Nadia memandangku tidak percaya. “Sumpah demi Allah. Ini dirumahNya. Aku tidak bohong. Kalau saat itu Luna dan orang suruhannya berhasil membunuhku. Kita tidak akan bertemu lagi di sini.” Kembali Nadia memalingkan wajahnya. Kali ini memandang rumahnya yang terlihat dari dalam mesjid.
“Saat itu aku ke Bali karena ingin mendapatkan uang untuk melamar kamu. Aku tahu kamu lahir dari keluarga berada, makanya aku tidak ingin melamarmu apa adanya. Aku ingin mengambil hati keluarga kamu. Terutama kedua orang tua kamu.”
0“Oleh sebab itu aku melamar dengan uang seratus juta. Bagiku uang seratus juta sangatlah besar. Tapi bagi keluargamu tidak seberapa. Seperti yang Ryan katakan di malam aku melamar kamu.”
Sekarang aku bisa menguasai emosiku. Menahan siksaan batin yang terlampau parah. Menyiksa. Menyayat. Mengiris-iris menjadi kepingan tak berharga. Mungkin ini juga yang dirasakan Nadia.

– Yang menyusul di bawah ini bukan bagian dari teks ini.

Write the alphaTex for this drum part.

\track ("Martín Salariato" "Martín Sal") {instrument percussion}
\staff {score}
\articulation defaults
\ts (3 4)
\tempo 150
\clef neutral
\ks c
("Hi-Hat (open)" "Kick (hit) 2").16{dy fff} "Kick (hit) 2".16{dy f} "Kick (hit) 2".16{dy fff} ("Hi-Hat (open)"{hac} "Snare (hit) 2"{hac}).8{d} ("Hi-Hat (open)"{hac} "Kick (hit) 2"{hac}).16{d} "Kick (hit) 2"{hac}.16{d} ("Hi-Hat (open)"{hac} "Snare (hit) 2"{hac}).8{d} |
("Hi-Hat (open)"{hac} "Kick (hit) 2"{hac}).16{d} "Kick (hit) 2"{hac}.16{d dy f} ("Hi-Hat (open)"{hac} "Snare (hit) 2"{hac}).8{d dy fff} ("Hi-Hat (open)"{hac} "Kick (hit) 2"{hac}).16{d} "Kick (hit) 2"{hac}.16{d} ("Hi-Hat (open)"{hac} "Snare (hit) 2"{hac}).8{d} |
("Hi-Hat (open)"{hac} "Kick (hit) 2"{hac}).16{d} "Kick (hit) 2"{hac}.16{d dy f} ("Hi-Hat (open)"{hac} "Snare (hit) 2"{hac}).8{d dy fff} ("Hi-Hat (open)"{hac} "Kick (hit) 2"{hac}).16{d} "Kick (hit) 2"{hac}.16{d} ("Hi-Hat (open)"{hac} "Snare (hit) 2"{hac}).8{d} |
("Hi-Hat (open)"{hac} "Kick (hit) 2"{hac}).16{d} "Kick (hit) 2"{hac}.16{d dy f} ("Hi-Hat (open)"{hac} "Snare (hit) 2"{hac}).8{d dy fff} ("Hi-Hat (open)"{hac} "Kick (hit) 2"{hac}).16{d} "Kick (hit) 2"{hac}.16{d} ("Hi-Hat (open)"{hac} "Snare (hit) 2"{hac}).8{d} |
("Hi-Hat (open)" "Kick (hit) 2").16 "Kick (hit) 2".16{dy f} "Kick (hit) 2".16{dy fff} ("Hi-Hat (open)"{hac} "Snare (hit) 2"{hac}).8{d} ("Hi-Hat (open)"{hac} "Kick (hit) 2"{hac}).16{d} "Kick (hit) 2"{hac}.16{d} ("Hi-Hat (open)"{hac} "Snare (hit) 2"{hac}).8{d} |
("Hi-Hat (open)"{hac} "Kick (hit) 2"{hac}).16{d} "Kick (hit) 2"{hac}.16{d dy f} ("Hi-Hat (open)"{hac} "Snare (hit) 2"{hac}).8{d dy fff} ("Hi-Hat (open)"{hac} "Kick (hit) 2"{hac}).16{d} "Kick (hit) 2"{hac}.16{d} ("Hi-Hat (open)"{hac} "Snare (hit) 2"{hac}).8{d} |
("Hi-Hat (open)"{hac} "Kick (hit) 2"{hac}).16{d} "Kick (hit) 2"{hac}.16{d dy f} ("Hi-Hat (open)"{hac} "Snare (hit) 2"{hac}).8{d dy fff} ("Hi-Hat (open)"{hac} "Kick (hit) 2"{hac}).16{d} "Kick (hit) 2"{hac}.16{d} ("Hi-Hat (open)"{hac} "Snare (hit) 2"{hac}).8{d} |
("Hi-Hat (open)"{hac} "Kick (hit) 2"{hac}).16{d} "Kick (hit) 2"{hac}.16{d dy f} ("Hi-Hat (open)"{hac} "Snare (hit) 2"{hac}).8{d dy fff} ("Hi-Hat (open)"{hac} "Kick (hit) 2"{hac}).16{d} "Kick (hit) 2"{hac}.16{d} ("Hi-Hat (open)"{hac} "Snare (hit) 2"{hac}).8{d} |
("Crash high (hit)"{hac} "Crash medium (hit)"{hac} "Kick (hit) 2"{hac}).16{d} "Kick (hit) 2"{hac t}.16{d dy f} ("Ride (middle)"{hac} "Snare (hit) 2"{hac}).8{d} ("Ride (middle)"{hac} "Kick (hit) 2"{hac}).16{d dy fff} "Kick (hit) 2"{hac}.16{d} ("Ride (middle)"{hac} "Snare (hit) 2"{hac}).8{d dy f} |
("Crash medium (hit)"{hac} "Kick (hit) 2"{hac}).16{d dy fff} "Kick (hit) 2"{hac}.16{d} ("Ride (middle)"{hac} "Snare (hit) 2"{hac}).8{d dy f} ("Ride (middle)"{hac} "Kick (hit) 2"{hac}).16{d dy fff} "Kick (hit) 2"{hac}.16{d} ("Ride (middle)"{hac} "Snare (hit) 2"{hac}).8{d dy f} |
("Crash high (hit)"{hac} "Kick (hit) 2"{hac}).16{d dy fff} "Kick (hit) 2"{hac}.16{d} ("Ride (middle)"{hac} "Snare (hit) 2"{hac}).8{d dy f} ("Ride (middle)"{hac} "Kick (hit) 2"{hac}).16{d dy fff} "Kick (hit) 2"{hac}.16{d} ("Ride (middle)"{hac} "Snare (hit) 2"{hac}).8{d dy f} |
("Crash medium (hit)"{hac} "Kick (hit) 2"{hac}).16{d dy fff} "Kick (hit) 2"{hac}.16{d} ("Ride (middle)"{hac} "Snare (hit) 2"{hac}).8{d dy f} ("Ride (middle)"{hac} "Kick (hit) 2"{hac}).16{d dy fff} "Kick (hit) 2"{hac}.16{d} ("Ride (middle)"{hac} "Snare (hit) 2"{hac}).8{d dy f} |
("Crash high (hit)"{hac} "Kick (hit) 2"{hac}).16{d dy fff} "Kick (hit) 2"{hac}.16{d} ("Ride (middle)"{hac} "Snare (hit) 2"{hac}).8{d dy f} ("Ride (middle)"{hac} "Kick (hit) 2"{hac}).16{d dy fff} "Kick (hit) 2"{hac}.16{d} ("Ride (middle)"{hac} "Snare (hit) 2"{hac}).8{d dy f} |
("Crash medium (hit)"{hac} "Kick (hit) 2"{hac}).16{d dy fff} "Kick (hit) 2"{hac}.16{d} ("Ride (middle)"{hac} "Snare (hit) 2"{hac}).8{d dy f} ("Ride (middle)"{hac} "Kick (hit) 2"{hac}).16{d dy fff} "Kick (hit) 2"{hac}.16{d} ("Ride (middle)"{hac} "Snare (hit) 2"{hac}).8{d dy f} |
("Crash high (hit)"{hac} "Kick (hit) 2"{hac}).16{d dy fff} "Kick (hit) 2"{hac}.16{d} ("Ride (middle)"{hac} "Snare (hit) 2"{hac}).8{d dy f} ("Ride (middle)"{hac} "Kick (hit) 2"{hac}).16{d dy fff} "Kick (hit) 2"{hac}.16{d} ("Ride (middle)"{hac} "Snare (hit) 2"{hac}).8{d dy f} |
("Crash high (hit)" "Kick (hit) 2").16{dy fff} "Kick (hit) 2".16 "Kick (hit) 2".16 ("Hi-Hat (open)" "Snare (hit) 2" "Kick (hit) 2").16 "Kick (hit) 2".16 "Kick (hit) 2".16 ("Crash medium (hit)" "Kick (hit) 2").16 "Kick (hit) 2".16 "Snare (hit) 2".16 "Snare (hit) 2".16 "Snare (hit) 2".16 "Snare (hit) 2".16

“Yah, kalau seandainya aku menemui ajal di Bali kemarin. Sekarang aku tidak bisa berdiri di mesjid ini. Aku tidak bisa meminta maaf padamu. Aku tahu kamu akan sulit memaafkan. Karena kesalahanku sudah sangat fatal. Aku menjual tubuhku untuk melayani wanita-wanita pencari kepuasan. Mereka membutuhkan itu, aku membutuhkan uang.”

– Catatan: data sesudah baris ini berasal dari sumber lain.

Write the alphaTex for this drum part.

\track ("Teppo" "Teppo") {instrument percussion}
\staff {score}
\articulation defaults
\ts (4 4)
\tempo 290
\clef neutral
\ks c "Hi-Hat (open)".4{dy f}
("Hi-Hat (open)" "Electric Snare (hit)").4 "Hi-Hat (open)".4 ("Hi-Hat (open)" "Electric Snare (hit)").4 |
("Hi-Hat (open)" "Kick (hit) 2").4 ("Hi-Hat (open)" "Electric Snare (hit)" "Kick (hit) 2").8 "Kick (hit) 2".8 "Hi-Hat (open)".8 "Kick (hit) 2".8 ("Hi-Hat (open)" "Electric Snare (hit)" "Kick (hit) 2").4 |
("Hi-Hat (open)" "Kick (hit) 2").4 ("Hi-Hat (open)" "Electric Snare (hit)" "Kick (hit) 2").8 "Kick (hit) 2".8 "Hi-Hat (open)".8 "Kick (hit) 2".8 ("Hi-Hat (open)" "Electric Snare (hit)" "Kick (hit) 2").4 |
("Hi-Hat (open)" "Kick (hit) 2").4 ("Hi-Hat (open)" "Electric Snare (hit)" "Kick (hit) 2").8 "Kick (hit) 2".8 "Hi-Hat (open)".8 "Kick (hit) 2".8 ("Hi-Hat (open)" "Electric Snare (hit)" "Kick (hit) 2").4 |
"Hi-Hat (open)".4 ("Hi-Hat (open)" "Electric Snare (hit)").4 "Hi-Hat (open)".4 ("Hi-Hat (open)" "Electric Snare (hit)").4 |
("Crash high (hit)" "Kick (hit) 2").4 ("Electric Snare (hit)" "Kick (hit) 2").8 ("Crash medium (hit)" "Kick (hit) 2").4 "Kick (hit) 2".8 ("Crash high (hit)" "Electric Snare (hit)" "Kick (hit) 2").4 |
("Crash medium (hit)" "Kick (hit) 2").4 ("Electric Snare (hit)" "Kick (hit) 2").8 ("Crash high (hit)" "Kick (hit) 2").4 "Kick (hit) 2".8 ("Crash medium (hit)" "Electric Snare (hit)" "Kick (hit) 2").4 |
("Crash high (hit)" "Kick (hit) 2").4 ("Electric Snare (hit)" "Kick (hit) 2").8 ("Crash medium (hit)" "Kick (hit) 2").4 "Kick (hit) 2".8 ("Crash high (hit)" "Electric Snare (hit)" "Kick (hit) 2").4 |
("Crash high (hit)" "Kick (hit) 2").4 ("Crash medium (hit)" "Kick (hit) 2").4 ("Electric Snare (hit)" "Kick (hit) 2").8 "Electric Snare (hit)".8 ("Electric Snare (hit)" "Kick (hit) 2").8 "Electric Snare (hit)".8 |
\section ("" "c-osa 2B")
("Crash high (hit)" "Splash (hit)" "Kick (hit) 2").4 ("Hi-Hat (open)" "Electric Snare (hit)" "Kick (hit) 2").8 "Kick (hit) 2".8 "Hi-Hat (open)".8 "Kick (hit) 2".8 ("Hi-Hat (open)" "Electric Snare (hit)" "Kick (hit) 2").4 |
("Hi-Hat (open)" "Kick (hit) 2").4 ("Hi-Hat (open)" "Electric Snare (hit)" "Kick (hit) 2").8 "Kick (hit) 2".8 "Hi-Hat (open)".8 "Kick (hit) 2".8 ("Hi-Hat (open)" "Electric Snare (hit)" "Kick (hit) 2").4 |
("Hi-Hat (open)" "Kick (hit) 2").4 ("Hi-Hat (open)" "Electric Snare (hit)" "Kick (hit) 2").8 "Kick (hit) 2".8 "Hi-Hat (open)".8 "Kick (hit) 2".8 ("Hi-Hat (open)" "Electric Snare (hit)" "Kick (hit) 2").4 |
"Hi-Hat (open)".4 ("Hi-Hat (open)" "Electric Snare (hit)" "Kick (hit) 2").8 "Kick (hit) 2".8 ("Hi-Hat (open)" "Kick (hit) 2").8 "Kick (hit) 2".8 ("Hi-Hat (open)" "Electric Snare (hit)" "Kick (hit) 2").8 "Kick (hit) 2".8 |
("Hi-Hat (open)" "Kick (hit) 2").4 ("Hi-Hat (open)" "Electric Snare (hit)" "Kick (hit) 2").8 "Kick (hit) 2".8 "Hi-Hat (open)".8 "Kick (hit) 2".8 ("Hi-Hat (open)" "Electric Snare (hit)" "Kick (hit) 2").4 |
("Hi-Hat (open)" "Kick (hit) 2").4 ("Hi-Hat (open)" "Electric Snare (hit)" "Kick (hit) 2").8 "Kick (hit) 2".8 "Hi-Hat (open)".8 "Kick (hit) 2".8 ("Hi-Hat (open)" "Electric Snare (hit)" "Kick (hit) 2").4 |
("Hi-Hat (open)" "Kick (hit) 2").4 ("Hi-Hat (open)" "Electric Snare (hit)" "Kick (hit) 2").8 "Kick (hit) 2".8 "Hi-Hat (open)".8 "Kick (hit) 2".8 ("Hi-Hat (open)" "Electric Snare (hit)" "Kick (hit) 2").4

“Aku minta maaf sekali lagi. Aku telah mendosakan cinta. Kamu maafkan atau tidak, aku pasrah. Aku tidak akan mengganggumu lagi. Ini terakhir kalinya kita berkomunikasi. Aku akan mengubur dalam-dalam impianku untuk menikahi wanita solehah seperti kamu. Akan kututup rapat-rapat buku harian yang kerap aku isi dengan puisi cinta tentangmu. Sekali lagi aku minta maaf.”
Aku membungkuk. Kurendahkan lagi tubuhku. Bersujud di kakinya. Inilah caraku meminta maaf agar Nadia tahu betapa sungguh-sungguhnya aku. Sama sekali tidak bermaksud menduakan Tuhan.
“Aku pamit ya. Aku tidak akan menegurmu lagi. Aku hanya akan memandangmu dari jauh saja. Memandang gadis tercantik yang pernah kutemui. Selamat tinggal”, ucapku sambil mendongakan kepala.